With her, he stages this American paradox: the reformer fuddy-duddy. Just like a blue blooded Franklin Roosevelt made the New Deal, and a rude Texan Lyndon Johnson embraced civil rights, a 78-year-old left-wing scourge could pass three spending bills worth more than $ 1 billion each in one year. . The principle at work here is that which has moved Jean le Carré to say that British private schools should be closed and that his royal family should be held back – “by a Conservative government”. Voters leave the business of change to those who do not seem overly fond of it.

In Biden’s case, this implicit trust is quantifiable. Rarely have a politician’s poll numbers been so captivating in their boredom. From December 2018, even before having declared his candidacy, in the spring of 2020, he led the Democratic primaries with an almost perfect consistency. Against Donald Trump, he kept a lead 14 metronomic months before the elections last November. Since his inauguration, he has not had the highest approval rating but the most stable of all post-war president.

Everything suggests that most Americans established their take on this man, a staple of their public life half a century, years ago. It doesn’t inspire their enthusiasm, but it doesn’t arouse their fear either. It will take a long time for them to see him again as a Manchurian candidate for the left-wing stringers.

The consolation for the right is that Biden is a problem for both sides. For now, it’s the Republicans who have to adapt. Having lived off the superficiality of politics – the broad but false sense that Trump was strong and good at business – they are now the victims of it. Biden only has to appear on the screen, invite God to “protect our troops”, and the left seems further removed from its administration than it sometimes is. It’s a shortcut to trust that Democrats would otherwise have to work hard for. Such is the power of gut feeling, or what pollsters call “valence.”

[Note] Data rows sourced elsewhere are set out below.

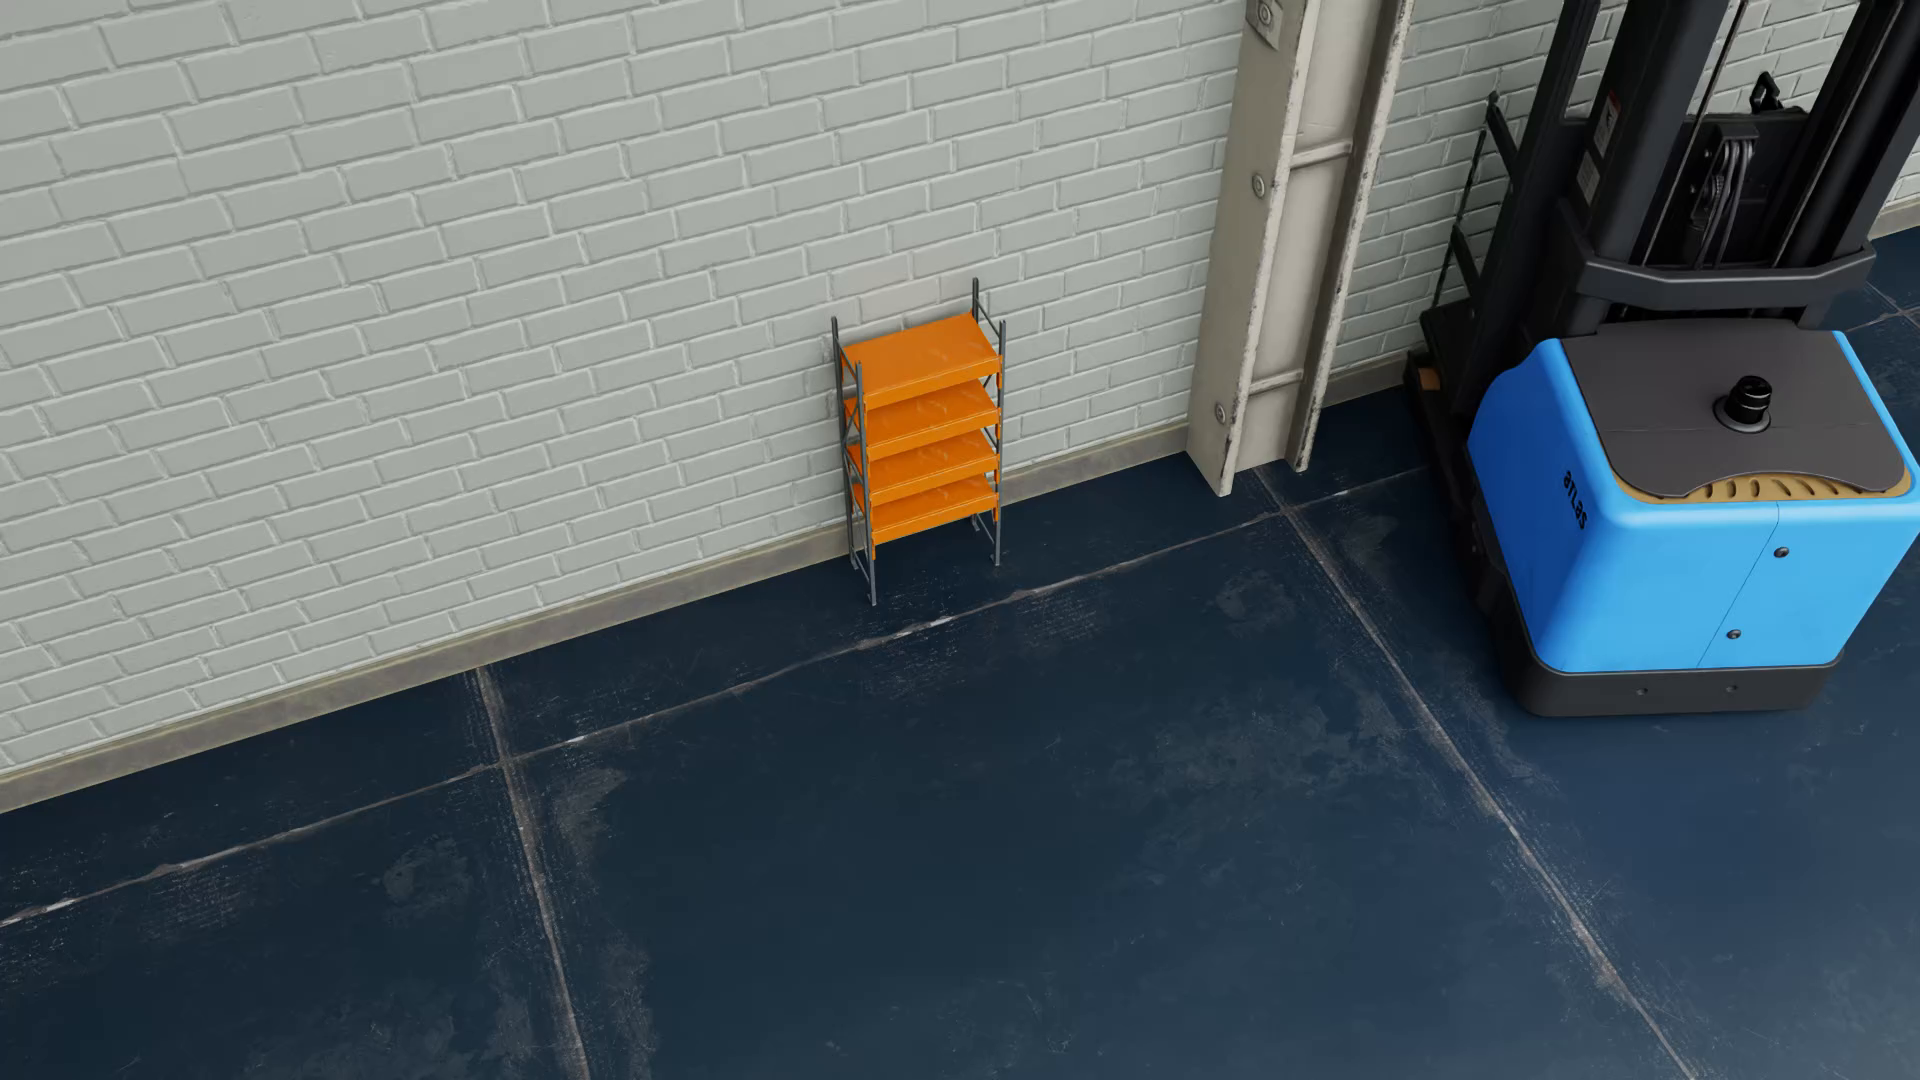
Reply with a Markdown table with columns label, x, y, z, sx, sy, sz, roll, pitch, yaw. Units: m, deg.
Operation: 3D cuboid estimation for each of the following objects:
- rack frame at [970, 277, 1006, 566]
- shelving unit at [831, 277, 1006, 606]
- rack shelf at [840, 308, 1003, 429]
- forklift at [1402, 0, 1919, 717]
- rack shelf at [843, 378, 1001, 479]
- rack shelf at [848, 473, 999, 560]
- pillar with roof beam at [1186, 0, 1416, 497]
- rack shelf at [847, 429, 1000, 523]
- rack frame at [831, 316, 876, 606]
| label | x | y | z | sx | sy | sz | roll | pitch | yaw |
| --- | --- | --- | --- | --- | --- | --- | --- | --- | --- |
| rack frame | 0.093 | -0.378 | 5.784 | 0.015 | 1.200 | 0.240 | -18 | 52 | -15 |
| shelving unit | -0.132 | -0.307 | 5.722 | 0.503 | 1.200 | 0.258 | -18 | 52 | -15 |
| rack shelf | -0.132 | -0.563 | 5.424 | 0.480 | 0.148 | 0.258 | -18 | 52 | -15 |
| forklift | 2.365 | -1.468 | 5.578 | 1.130 | 2.935 | 3.031 | -2 | 49 | -1 |
| rack shelf | -0.132 | -0.409 | 5.604 | 0.480 | 0.148 | 0.258 | -18 | 52 | -15 |
| rack shelf | -0.132 | -0.134 | 5.924 | 0.480 | 0.148 | 0.258 | -18 | 52 | -15 |
| pillar with roof beam | 2.747 | -0.238 | 0.523 | 0.400 | 9.000 | 9.100 | -17 | 52 | -14 |
| rack shelf | -0.132 | -0.263 | 5.773 | 0.480 | 0.148 | 0.258 | -18 | 52 | -15 |
| rack frame | -0.357 | -0.235 | 5.661 | 0.015 | 1.200 | 0.240 | -18 | 52 | -15 |

What he cannot do is reproduce. For Democrats, the embarrassing fact about Biden is that there is one of him. Aside from Senator Joe Manchin, he is perhaps the latest high-profile incarnation of the white, surly and often Catholic voter party that anchored the New Deal alliance in the middle of the last century. All other plausible leaders are from the liberal city dwellers who infused the party afterwards. Vice-President Kamala Harris, Speaker of the House of Representatives Nancy Pelosi, Cabinet recruit Pete Buttigieg, Senator Elizabeth Warren, the congressional “scouade”: all arouse reflex suspicion. Some of them are ideological and therefore fairly fair. Some are too atavistic to need to be spelled out. Either way, Democrats shouldn’t get used to the political license Biden gives them.

He will be 82 in the month of the next presidential election. While not Dan Quayle, the vice president and presumed heir can be clumsy at the national level. It is said often enough that, as Trump prepares to run for re-election, Republicans have a dilemma ahead of them in 2024. It is, as so few things are, multi-partisan.